En Extremadura, una tierra por la que siento una especial inclinación, ha caído uno de los feudos históricos del socialismo, con el único paréntesis de los cuatro años de gobierno de Monago. Ahora se abre otro paréntesis, que quizá dure más que el anterior, encabezado por una cacereña desconocida, al menos para mí, María Guardiola. Por lo que he leído sobre ella, se sitúa en el ala moderada del PP. Sin embargo, no ha dudado en manifestar que quiere el gobierno, aunque para ello tenga que sumar en él a VOX. Pero es lógico: la consecución del poder es el primer interés de todo partido político y, si para ello hay que pactar con el diablo, se pacta con él. Si esta alianza se confirma y alcanza el poder autonómico, como es previsible, lo sentiré por Guillermo Fernández Vara, que siempre me ha parecido un buen hombre, aunque no haya sido el mejor gestor. Cuando lo conocí, lo vi cansado, muy cansado, de encontrarse en su posición. Estaba siempre ojeroso y se movía con lentitud. También era muy consciente de los lastres que arrastraba su tierra, y no tengo ninguna duda de que intentaba paliarlos, aunque sí me permito dudar de que lo hiciera con eficacia: uno de esos lastres era, precisamente, el peso que en la vida de Extremadura tenían los atrasos históricos, las inercias culturales y la mentalidad rural. Me pregunto qué pasará ahora con la Editora Regional de Extremadura. Seguramente nada: todo seguirá igual, aunque los funcionarios que la gestionan, atornillados a sus sillas desde hace décadas, son muy socialistas y tienen muy mala leche.

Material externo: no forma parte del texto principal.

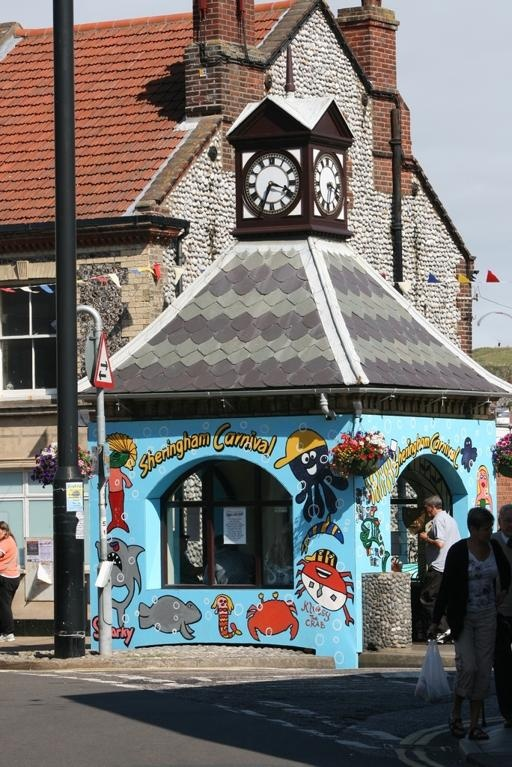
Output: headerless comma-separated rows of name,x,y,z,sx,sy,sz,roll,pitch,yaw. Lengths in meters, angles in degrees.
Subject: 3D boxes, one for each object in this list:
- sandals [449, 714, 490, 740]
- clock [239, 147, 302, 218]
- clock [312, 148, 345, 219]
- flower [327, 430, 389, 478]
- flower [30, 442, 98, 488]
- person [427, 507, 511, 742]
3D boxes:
sandals,1.414,2.293,10.468,0.319,0.134,0.110,0,2,41
clock,0.211,-2.430,18.818,0.803,0.886,0.068,0,4,35
clock,0.885,-2.428,19.033,0.045,0.721,0.676,-8,13,-28
flower,1.105,0.727,16.518,0.483,0.380,0.485,-4,7,-21
flower,-2.509,1.048,20.223,0.854,0.519,0.670,-4,-4,-4
person,1.468,1.738,10.670,0.500,1.742,0.912,-2,13,18
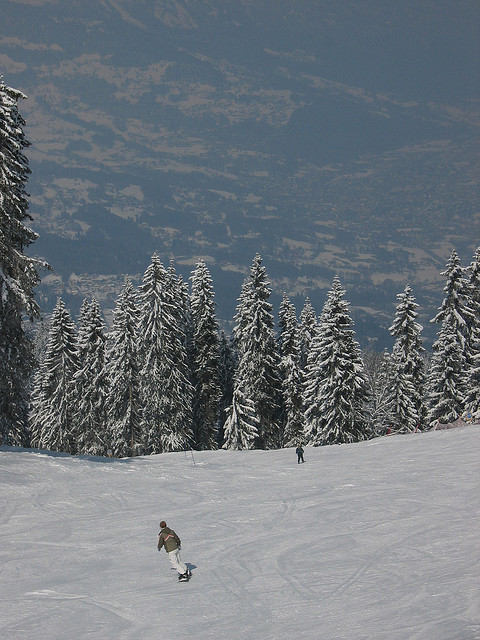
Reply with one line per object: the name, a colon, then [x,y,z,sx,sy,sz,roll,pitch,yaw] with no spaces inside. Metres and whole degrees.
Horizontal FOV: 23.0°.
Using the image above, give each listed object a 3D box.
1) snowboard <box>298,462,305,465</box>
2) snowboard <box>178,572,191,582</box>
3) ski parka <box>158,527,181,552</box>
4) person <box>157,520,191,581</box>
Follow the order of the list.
snowboard: [2.397,5.613,45.950,0.147,0.074,0.549,-1,8,11]
snowboard: [-1.378,6.790,30.985,0.430,0.102,0.173,-10,11,-43]
ski parka: [-1.847,5.740,30.662,0.589,0.589,0.473,-6,8,-22]
person: [-1.716,6.048,30.807,1.081,1.589,0.469,-8,10,-37]
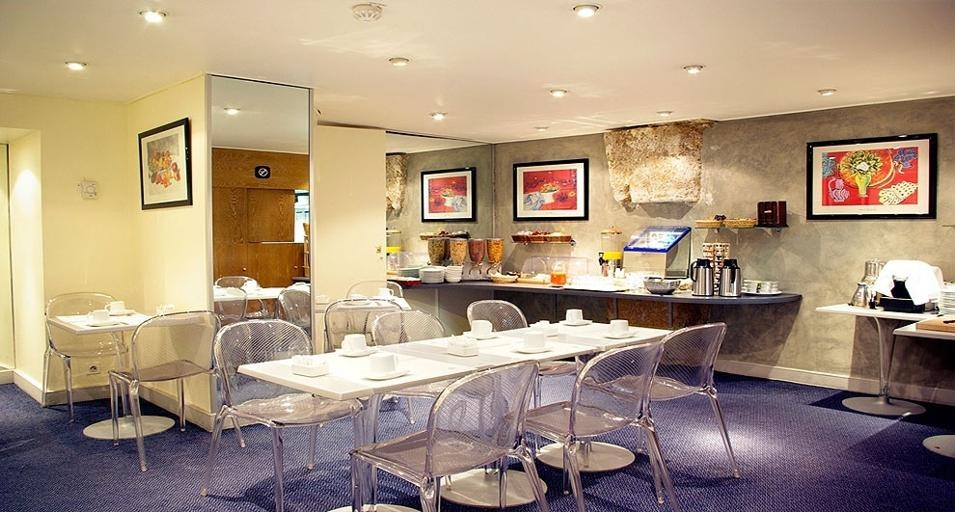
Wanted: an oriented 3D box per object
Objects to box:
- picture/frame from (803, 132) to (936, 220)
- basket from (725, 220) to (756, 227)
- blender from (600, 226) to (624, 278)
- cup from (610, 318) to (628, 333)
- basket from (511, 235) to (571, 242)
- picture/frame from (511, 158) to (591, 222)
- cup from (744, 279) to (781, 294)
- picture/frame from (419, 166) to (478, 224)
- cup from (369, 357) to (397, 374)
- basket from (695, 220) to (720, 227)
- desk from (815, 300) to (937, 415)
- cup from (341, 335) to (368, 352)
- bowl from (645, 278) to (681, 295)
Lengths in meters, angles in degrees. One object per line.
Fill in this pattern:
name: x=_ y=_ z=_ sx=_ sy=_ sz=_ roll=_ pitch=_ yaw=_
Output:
picture/frame: x=4.845 y=-0.993 z=7.106 sx=1.358 sy=0.849 sz=0.065 roll=0 pitch=-3 yaw=27
basket: x=3.444 y=-0.439 z=7.651 sx=0.363 sy=0.112 sz=0.296 roll=0 pitch=3 yaw=23
blender: x=1.944 y=-0.071 z=8.442 sx=0.350 sy=0.681 sz=0.499 roll=0 pitch=4 yaw=12
cup: x=1.323 y=0.642 z=5.460 sx=0.153 sy=0.092 sz=0.145 roll=-2 pitch=0 yaw=0
basket: x=0.999 y=-0.289 z=9.048 sx=0.924 sy=0.110 sz=0.192 roll=0 pitch=3 yaw=28
picture/frame: x=1.190 y=-1.043 z=9.004 sx=1.194 sy=0.714 sz=0.046 roll=2 pitch=5 yaw=31
cup: x=3.668 y=0.382 z=7.571 sx=0.405 sy=0.160 sz=0.391 roll=-1 pitch=3 yaw=0
picture/frame: x=-0.427 y=-1.042 z=9.476 sx=1.123 sy=0.863 sz=0.073 roll=2 pitch=1 yaw=6
cup: x=-0.710 y=0.817 z=4.419 sx=0.153 sy=0.073 sz=0.139 roll=0 pitch=2 yaw=0
basket: x=3.087 y=-0.445 z=7.839 sx=0.284 sy=0.104 sz=0.367 roll=0 pitch=3 yaw=11
desk: x=4.676 y=1.176 z=6.832 sx=1.432 sy=1.148 sz=1.296 roll=1 pitch=2 yaw=1
cup: x=-1.032 y=0.720 z=4.926 sx=0.196 sy=0.114 sz=0.138 roll=-2 pitch=5 yaw=-22
bowl: x=2.423 y=0.376 z=7.623 sx=0.291 sy=0.102 sz=0.280 roll=0 pitch=0 yaw=0
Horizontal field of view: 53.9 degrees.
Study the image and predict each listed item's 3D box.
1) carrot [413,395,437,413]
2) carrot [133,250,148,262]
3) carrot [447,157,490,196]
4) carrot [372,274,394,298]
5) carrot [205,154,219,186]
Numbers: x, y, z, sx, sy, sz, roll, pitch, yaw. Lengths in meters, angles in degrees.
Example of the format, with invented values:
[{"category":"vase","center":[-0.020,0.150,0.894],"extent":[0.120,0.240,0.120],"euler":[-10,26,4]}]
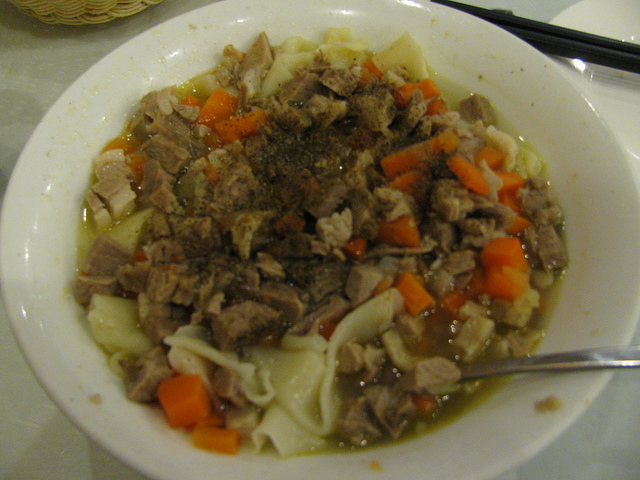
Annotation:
[{"category":"carrot","center":[0.867,1.335,5.152],"extent":[0.174,0.033,0.137],"euler":[-16,85,-3]},{"category":"carrot","center":[-1.588,0.162,5.572],"extent":[0.104,0.110,0.086],"euler":[8,80,-17]},{"category":"carrot","center":[1.308,-0.551,5.488],"extent":[0.465,0.073,0.177],"euler":[37,84,2]},{"category":"carrot","center":[0.542,0.406,5.501],"extent":[0.119,0.046,0.200],"euler":[39,82,28]},{"category":"carrot","center":[-0.991,-0.622,5.801],"extent":[0.070,0.088,0.344],"euler":[-20,80,12]}]
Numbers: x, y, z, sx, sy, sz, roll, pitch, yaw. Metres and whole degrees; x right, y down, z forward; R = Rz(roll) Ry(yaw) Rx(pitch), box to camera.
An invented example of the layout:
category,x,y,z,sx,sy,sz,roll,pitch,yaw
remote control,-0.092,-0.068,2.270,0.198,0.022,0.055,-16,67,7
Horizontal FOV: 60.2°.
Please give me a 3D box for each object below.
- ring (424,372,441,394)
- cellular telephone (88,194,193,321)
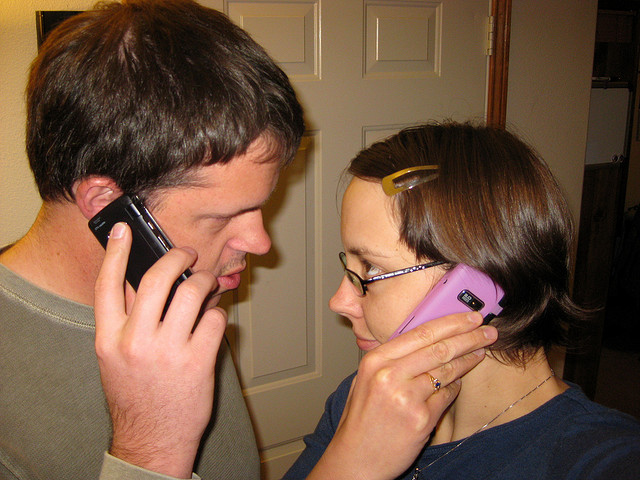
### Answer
category,x,y,z,sx,sy,sz,roll,pitch,yaw
ring,0.265,0.332,1.303,0.015,0.040,0.030,-33,-16,16
cellular telephone,-0.423,0.036,1.302,0.156,0.300,0.032,-33,8,26
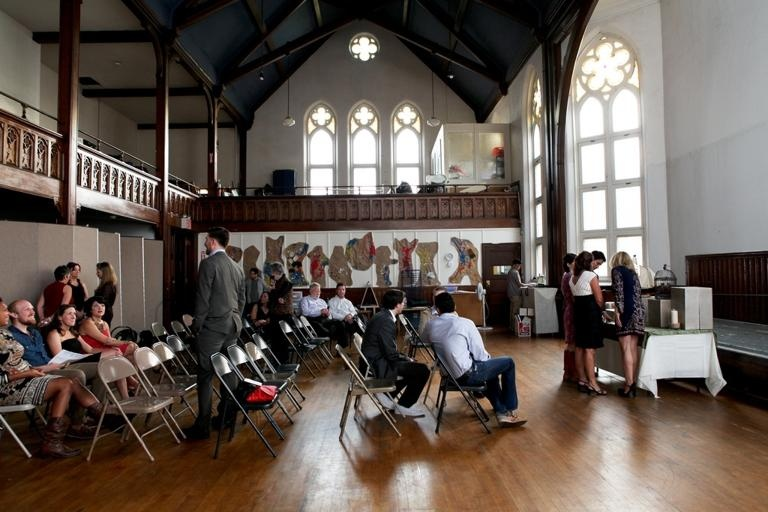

En Sant Cugat ha ganado la peor opción posible: Junts, la reencarnación independentista de Convergència. Y ha ganado de calle: 9 concejales, por 4 del siguiente del siguiente, ERC. Los socialistas han sido terceros, con 3, empatados con la CUP. Un desastre, como se ve. Aunque previsible, porque Sant Cugat es, además de uno de los municipios más ricos de Cataluña, uno de los reductos independentistas de la comunidad. Aquí perduró Convergència, cuando el partido ya había sido barrido por su podredumbre y su agotamiento, hasta que decidió que todo cambiase para que todo siguiera igual; entonces se hizo independentista. Así pues, vamos a tener cuatro años más de soberanismo institucional y visitas frecuentes de Laura Borràs, que nunca deja de sonreír aunque la hayan condenado por corrupta. Al menos, mi vecino de enfrente, que desplegaba en el balcón toda una panoplia de símbolos independentistas (lazos amarillos, pancartas pro-Puigdemont, otras con la máscara de teatro barrada en rojo y hasta una enorme bandera del Barça), se ha cansado de exhibir sus vicios. Espero que la victoria de los suyos no lo incite a recuperarlos. Ahora ya no tapan el paisaje.